(Collection entries)
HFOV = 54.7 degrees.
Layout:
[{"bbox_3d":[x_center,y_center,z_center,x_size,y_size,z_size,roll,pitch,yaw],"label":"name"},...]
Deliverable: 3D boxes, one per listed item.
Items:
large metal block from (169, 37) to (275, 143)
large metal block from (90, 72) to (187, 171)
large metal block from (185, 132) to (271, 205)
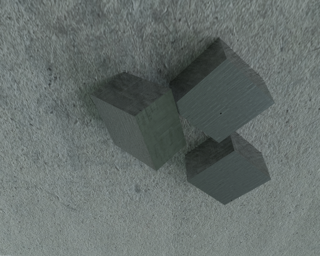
[{"bbox_3d":[0.068,-0.041,0.357,0.080,0.050,0.080,34,122,-26],"label":"large metal block"},{"bbox_3d":[-0.023,-0.009,0.355,0.050,0.080,0.080,-40,134,-25],"label":"large metal block"},{"bbox_3d":[0.094,0.055,0.438,0.080,0.050,0.080,36,121,-27],"label":"large metal block"}]
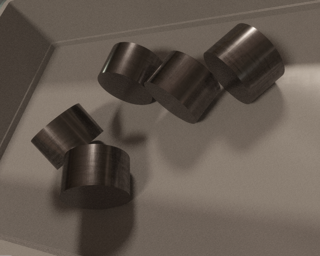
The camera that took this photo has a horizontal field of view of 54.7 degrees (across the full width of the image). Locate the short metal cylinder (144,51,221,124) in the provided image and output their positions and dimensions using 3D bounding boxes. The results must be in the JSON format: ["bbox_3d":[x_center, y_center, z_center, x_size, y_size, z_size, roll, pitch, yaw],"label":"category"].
[{"bbox_3d":[0.027,-0.050,0.386,0.080,0.080,0.050,32,80,37],"label":"short metal cylinder"}]

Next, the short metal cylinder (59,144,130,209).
[{"bbox_3d":[-0.076,0.061,0.372,0.080,0.080,0.050,-17,55,18],"label":"short metal cylinder"}]

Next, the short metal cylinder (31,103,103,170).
[{"bbox_3d":[-0.124,0.011,0.419,0.080,0.050,0.080,-40,7,6],"label":"short metal cylinder"}]

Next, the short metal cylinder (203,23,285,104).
[{"bbox_3d":[0.097,-0.074,0.364,0.050,0.080,0.080,-41,51,0],"label":"short metal cylinder"}]

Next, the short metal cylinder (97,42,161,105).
[{"bbox_3d":[-0.040,-0.075,0.436,0.080,0.080,0.050,8,66,31],"label":"short metal cylinder"}]
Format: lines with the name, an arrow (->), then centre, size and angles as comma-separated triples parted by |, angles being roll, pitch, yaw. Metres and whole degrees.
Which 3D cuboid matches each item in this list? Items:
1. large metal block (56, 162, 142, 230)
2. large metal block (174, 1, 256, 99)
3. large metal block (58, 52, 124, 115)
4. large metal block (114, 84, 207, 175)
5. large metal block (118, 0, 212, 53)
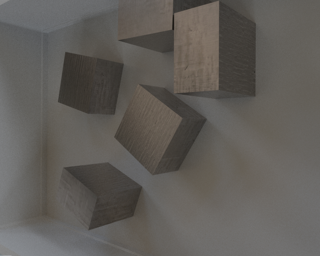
large metal block -> -0.087, 0.093, 0.443 | 0.080, 0.081, 0.050 | 27, 107, 36
large metal block -> 0.059, -0.074, 0.322 | 0.050, 0.081, 0.080 | 1, 90, 40
large metal block -> -0.109, -0.069, 0.480 | 0.080, 0.050, 0.079 | 19, 102, 38
large metal block -> -0.002, 0.001, 0.392 | 0.080, 0.050, 0.079 | 40, 115, 32
large metal block -> 0.008, -0.125, 0.364 | 0.080, 0.081, 0.050 | 3, 92, 40
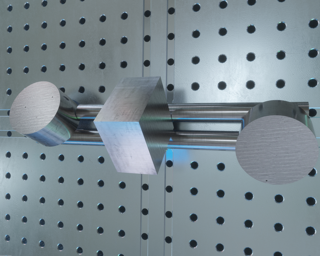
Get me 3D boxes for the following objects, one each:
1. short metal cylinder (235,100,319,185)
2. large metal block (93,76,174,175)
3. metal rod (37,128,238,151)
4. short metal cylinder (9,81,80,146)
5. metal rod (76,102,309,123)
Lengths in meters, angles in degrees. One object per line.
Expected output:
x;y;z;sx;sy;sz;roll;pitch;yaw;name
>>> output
0.127;0.015;0.340;0.080;0.050;0.079;8;115;17;short metal cylinder
-0.025;-0.004;0.360;0.050;0.080;0.080;1;132;20;large metal block
-0.044;0.014;0.427;0.301;0.025;0.025;1;90;19;metal rod
-0.163;-0.019;0.441;0.080;0.050;0.080;-7;65;16;short metal cylinder
0.026;-0.020;0.402;0.301;0.025;0.025;1;90;19;metal rod
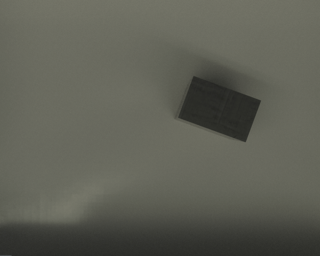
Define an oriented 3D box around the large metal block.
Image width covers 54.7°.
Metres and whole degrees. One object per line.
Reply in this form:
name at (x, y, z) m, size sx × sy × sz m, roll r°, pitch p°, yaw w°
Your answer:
large metal block at (0.066, -0.021, 0.385) m, size 0.080 × 0.080 × 0.050 m, roll 20°, pitch 90°, yaw -1°
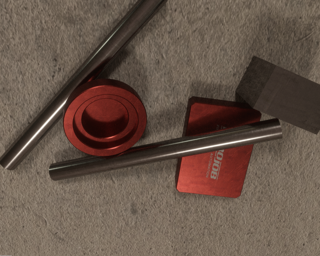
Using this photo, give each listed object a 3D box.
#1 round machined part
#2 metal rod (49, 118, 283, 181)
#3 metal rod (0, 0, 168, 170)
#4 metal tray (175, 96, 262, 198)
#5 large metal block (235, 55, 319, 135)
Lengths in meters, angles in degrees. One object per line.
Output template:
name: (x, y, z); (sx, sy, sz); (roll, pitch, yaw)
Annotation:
round machined part: (-0.068, -0.016, 0.384); (0.099, 0.042, 0.097); (-8, 123, -12)
metal rod: (-0.004, 0.031, 0.394); (0.301, 0.025, 0.025); (-12, 110, 14)
metal rod: (-0.104, -0.053, 0.388); (0.025, 0.025, 0.299); (42, 104, -14)
metal tray: (0.075, 0.028, 0.419); (0.091, 0.030, 0.129); (7, 110, -3)
large metal block: (0.146, -0.042, 0.367); (0.080, 0.080, 0.050); (21, 109, -8)
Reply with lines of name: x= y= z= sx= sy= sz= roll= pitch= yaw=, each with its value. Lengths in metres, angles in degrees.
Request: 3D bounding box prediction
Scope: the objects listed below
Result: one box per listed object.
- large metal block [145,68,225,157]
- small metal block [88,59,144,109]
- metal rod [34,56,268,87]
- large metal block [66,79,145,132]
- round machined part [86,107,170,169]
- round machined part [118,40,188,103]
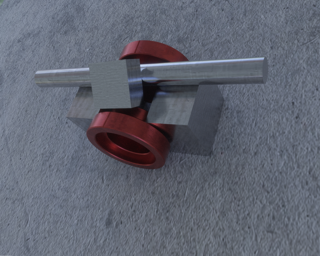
large metal block: x=0.034 y=-0.021 z=0.365 sx=0.050 sy=0.080 sz=0.080 roll=4 pitch=64 yaw=30
small metal block: x=-0.048 y=-0.048 z=0.340 sx=0.050 sy=0.025 sz=0.050 roll=1 pitch=103 yaw=30
metal rod: x=-0.034 y=-0.061 z=0.358 sx=0.300 sy=0.025 sz=0.025 roll=3 pitch=63 yaw=29
large metal block: x=-0.069 y=-0.029 z=0.424 sx=0.050 sy=0.080 sz=0.080 roll=5 pitch=64 yaw=30
round machined part: x=-0.034 y=0.008 z=0.371 sx=0.098 sy=0.098 sz=0.042 roll=5 pitch=59 yaw=30
round machined part: x=-0.009 y=-0.065 z=0.404 sx=0.098 sy=0.098 sz=0.042 roll=4 pitch=65 yaw=30
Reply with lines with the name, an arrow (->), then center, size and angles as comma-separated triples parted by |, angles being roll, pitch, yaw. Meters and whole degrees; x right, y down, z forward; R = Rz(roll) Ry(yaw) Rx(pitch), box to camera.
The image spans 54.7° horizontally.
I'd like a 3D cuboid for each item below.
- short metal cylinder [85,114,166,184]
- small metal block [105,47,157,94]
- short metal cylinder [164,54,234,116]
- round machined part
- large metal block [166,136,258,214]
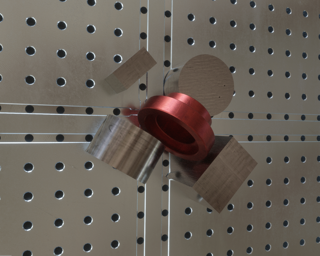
short metal cylinder -> -0.040, 0.026, 0.369 | 0.080, 0.080, 0.050 | 33, 79, -18
small metal block -> -0.037, -0.071, 0.386 | 0.050, 0.050, 0.025 | -44, 104, -15
short metal cylinder -> 0.052, -0.055, 0.419 | 0.081, 0.050, 0.079 | 0, 90, -21
round machined part -> 0.024, -0.006, 0.384 | 0.098, 0.098, 0.042 | 43, 64, -16
large metal block -> 0.066, 0.056, 0.410 | 0.050, 0.080, 0.080 | 45, 76, -15

§ **WHAT YOU NEED TO DO**
Retype the records above exactly, starting at the line that contains "The image spans 54.7° horizontally." and going through the last line, and leave out any pictures.

§ **TASK OUTPUT**
The image spans 54.7° horizontally.
I'd like a 3D cuboid for each item below.
- short metal cylinder [85,114,166,184]
- small metal block [105,47,157,94]
- short metal cylinder [164,54,234,116]
- round machined part
- large metal block [166,136,258,214]
short metal cylinder -> -0.040, 0.026, 0.369 | 0.080, 0.080, 0.050 | 33, 79, -18
small metal block -> -0.037, -0.071, 0.386 | 0.050, 0.050, 0.025 | -44, 104, -15
short metal cylinder -> 0.052, -0.055, 0.419 | 0.081, 0.050, 0.079 | 0, 90, -21
round machined part -> 0.024, -0.006, 0.384 | 0.098, 0.098, 0.042 | 43, 64, -16
large metal block -> 0.066, 0.056, 0.410 | 0.050, 0.080, 0.080 | 45, 76, -15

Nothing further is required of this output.